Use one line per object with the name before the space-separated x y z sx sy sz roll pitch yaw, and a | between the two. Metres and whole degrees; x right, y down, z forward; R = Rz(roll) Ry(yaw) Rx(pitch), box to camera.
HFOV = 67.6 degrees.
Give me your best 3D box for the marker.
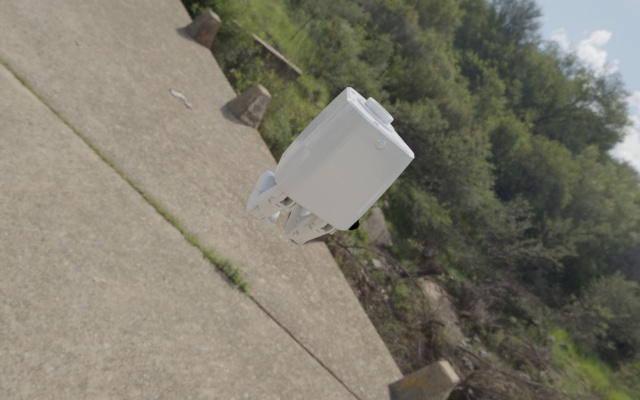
---
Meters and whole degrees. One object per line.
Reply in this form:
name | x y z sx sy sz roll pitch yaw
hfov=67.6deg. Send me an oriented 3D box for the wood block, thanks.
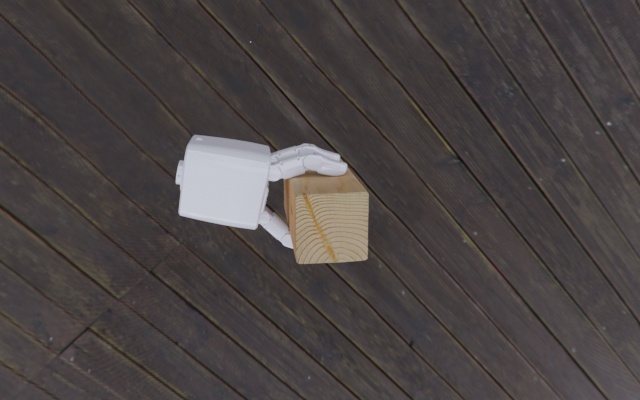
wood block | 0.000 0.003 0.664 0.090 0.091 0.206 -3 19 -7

* _EXERCISE_
For the word "degrees", return every line of the records that holds it.

* _REPLY_
Use one line per object with the name before the space-separated x y z sx sy sz roll pitch yaw, and a | between the two. Metres and whole degrees; x right, y down, z forward; R = Rz(roll) Ry(yaw) Rx(pitch), box to camera.
HFOV = 67.6 degrees.
Meters and whole degrees. One object per line.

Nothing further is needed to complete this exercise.